At her appearance at UD, she read two poems related to her illness, “Getting the News” and “Cancer Support Group with Painting by Monet,” and several from No Need of Sympathy, including “Sugar, Sugar,” “Venus de Milo” and “My Father and Hemingway Go Fishing.” The poetry in the book consists of a variety of forms, including a series of 10 sonnets, each written specifically for one of her 10 grandchildren.
Her books always include a story, she said, before reading “Hare’s Breath,” which she told the audience is about “two Ph.D.’s trying to change the innards of a toilet. We won’t say who they are.” Her husband, Jerry Beasley, also a UD professor emeritus of English, attended the reading.

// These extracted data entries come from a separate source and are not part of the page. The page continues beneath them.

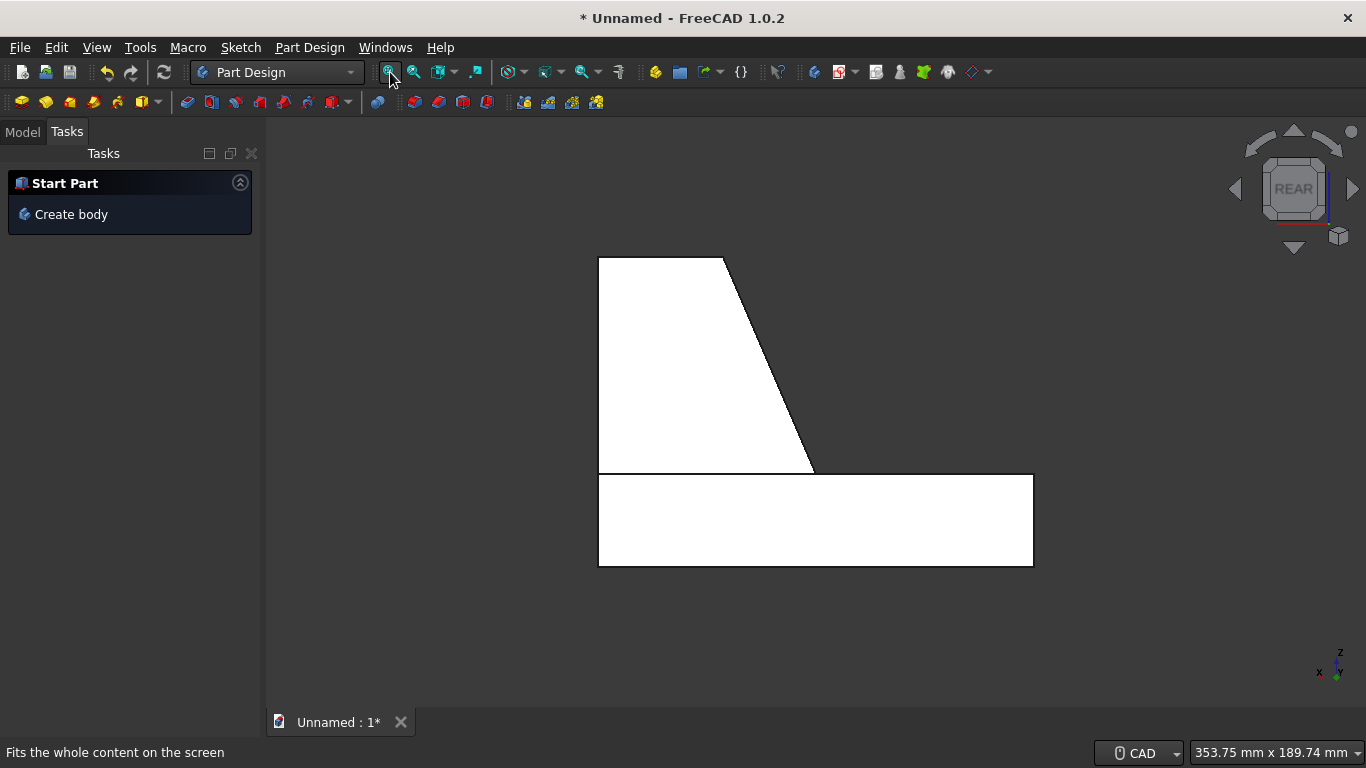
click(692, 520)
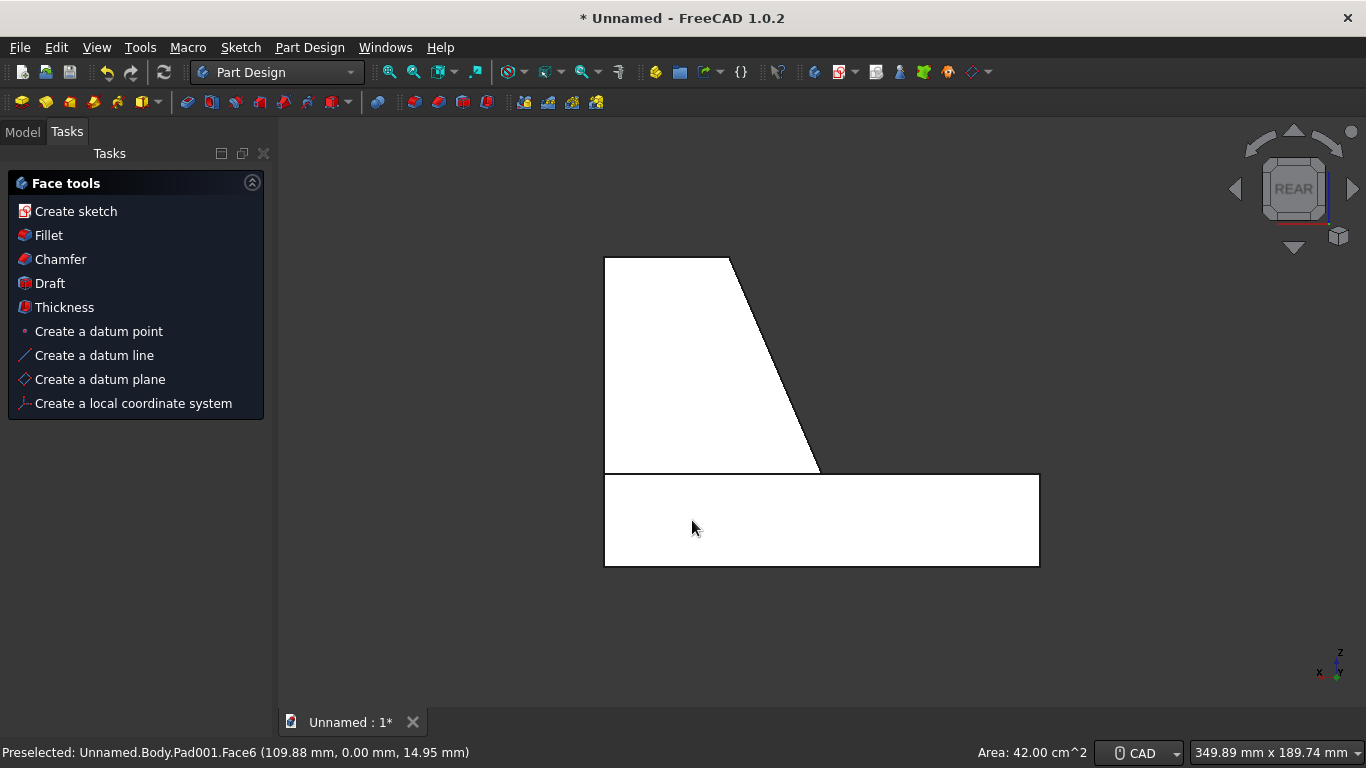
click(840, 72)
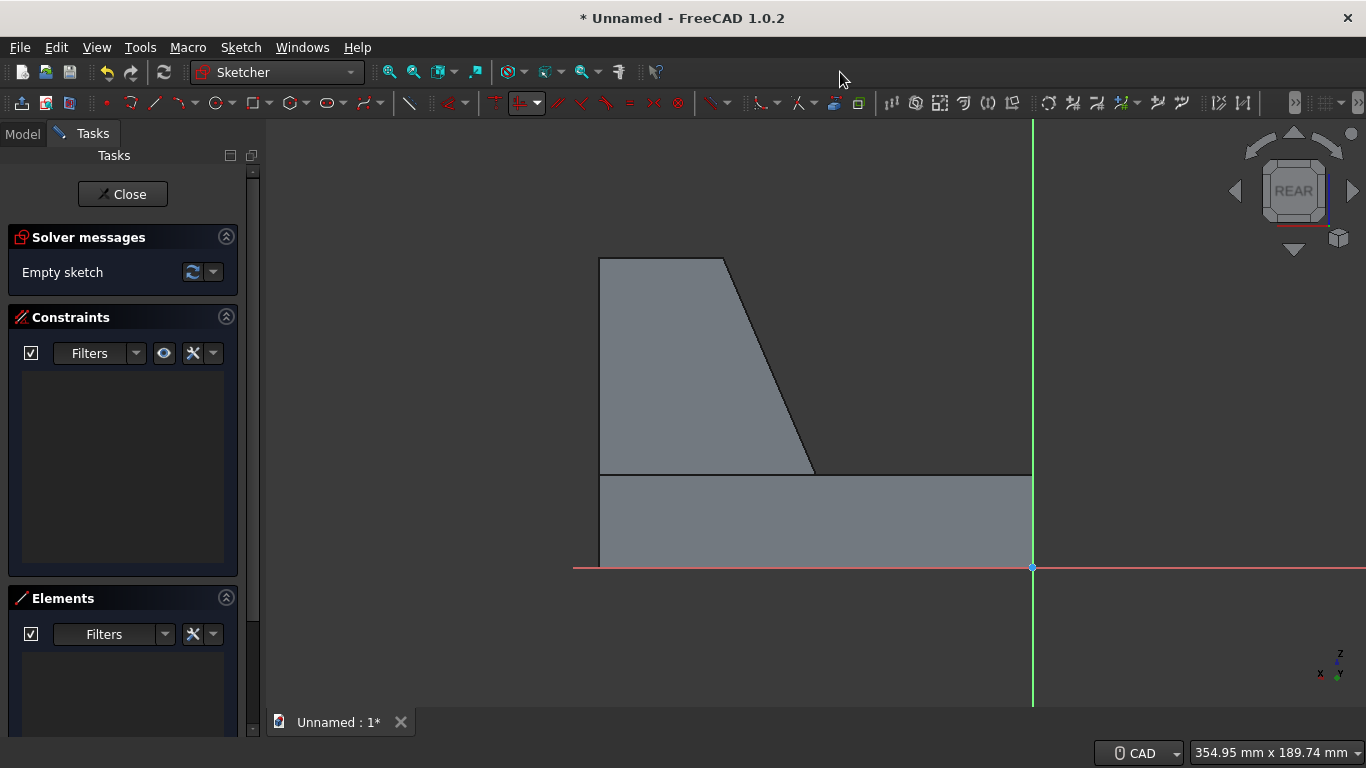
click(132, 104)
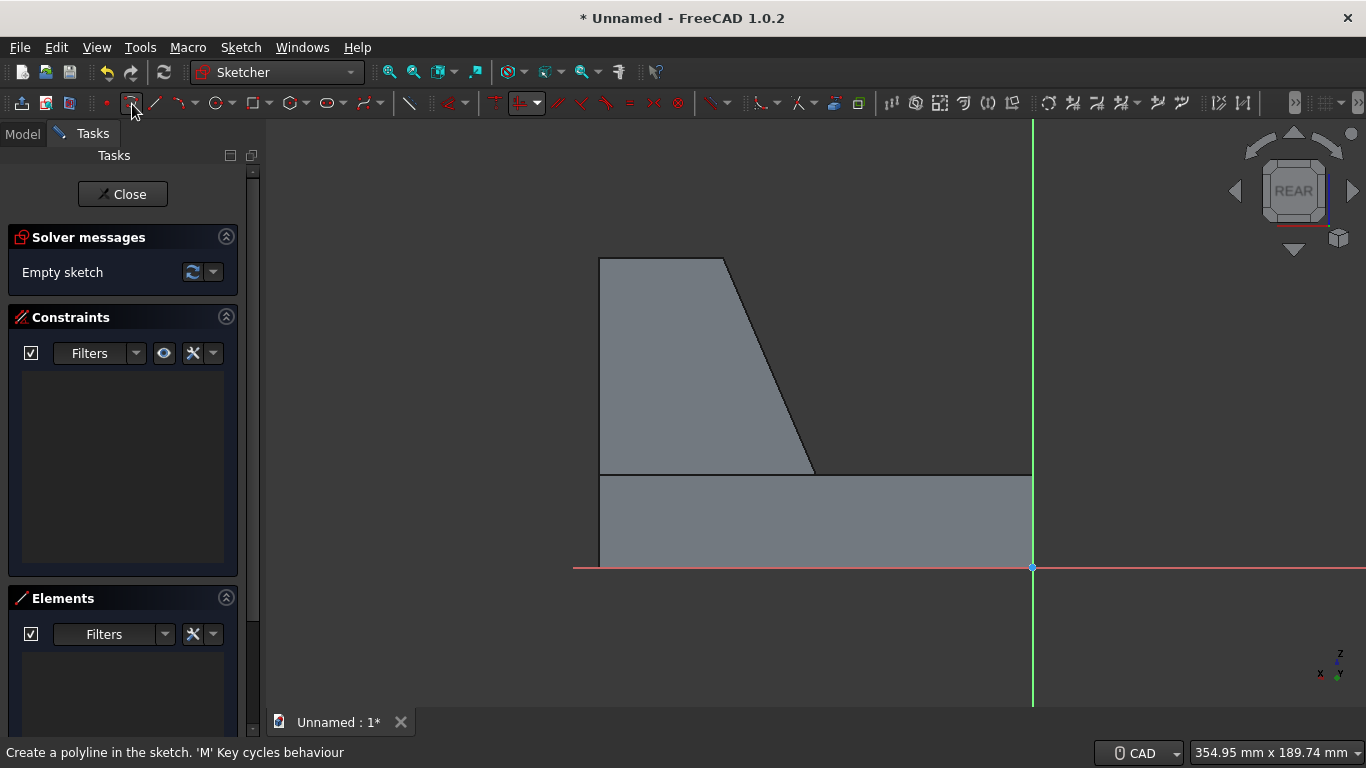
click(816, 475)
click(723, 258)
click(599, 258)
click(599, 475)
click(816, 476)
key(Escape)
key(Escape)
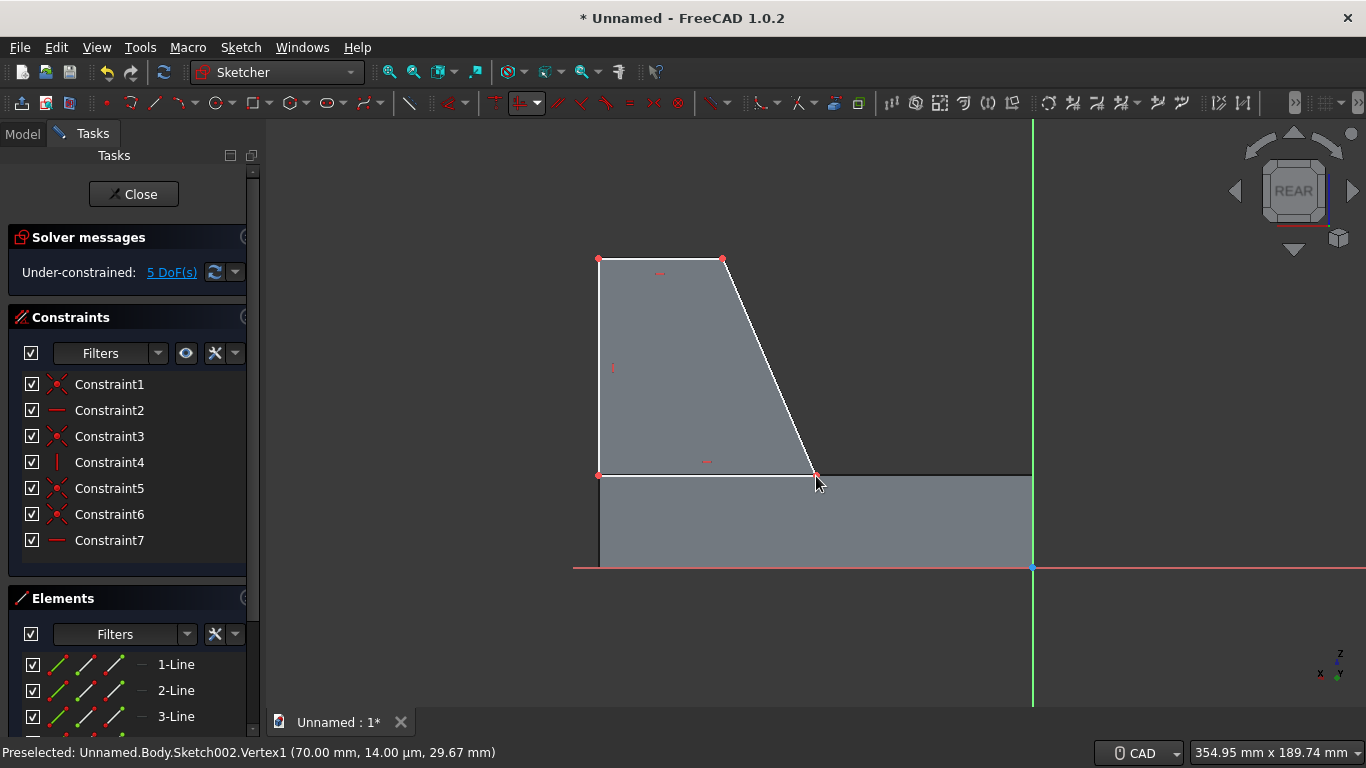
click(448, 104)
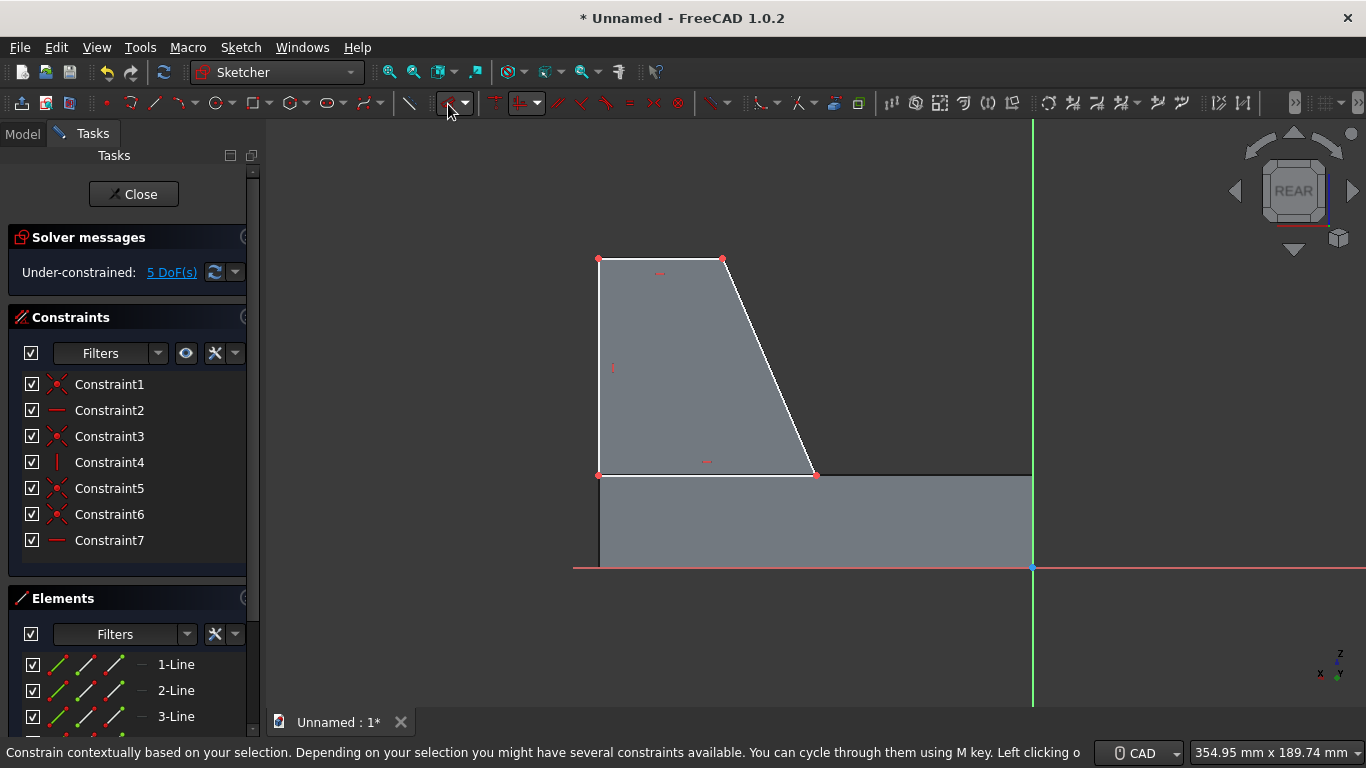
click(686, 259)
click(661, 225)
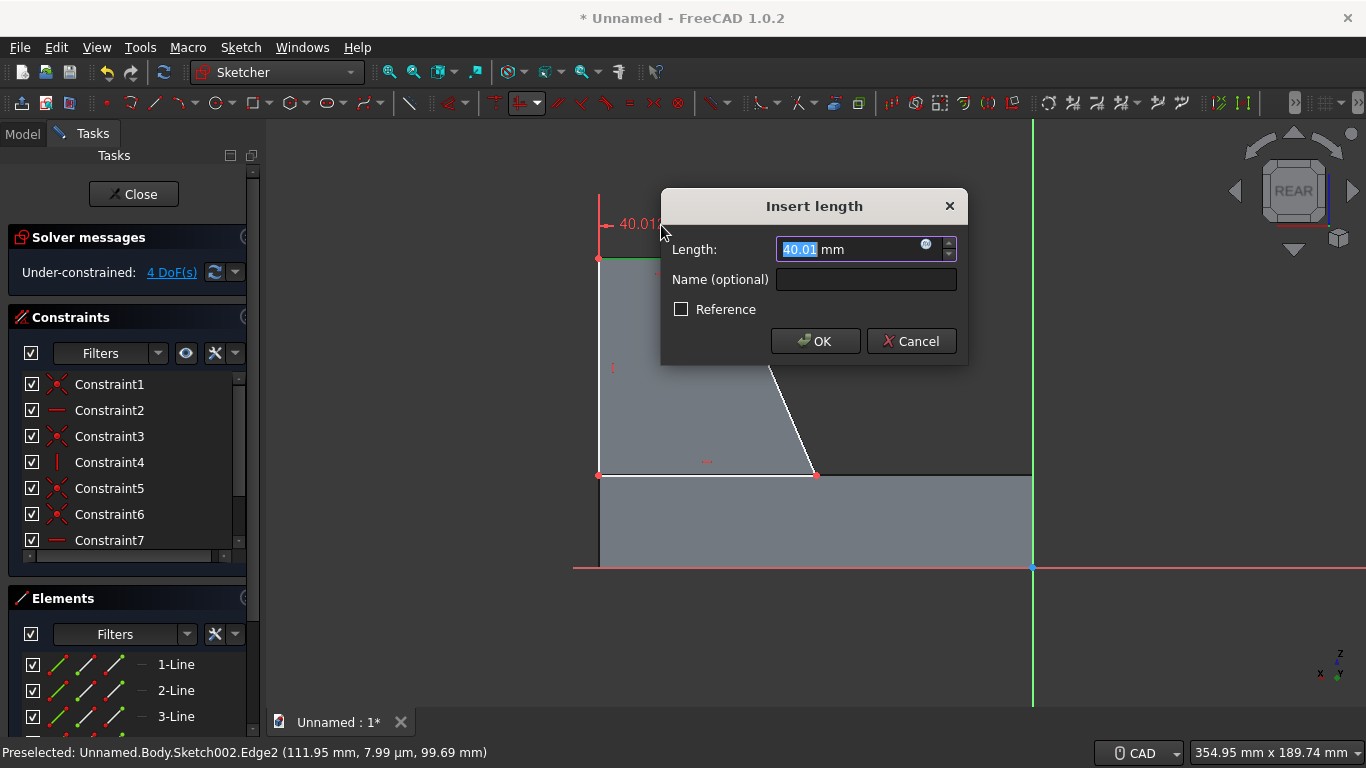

Here is an excerpt from “Hare’s Breath,” which also explores the “long messed up” metaphors of “a hair’s breadth, or hare’s breath, or hair’s breath”:
… I ask you, what volume can a hare breathe,
its tiny lungs pumping carroty air? How wide
is a hair? Furthermore, by what tiny margin
did the quarks and leptons have to increase
over anti-quarks and anti-leptons to let matter
win out over anti-matter, to bring us here,
to the flushing of toilets, filling of tanks?
In her introduction before the reading, Devon Miller-Duncan, instructor in English, quoted Brown from an earlier interview, in which she expressed the hope that the poems in No Need of Sympathy are “fastened to the earth but strain at their leashes.”
“There’s always a story lurking,” she said in that interview. “Our brains can’t wait to find it, right?”
Brown, who was a UD faculty member for 27 years, directed the Poets in the Schools program in Delaware and was the state poet laureate from 2001-07. She has received numerous honors for her work, including the Felix Pollak Prize, the Philip Levine Prize, the Great Lakes Colleges New Writer’s Award and the New Letters and the Ohio State University/The Journal awards for creative nonfiction.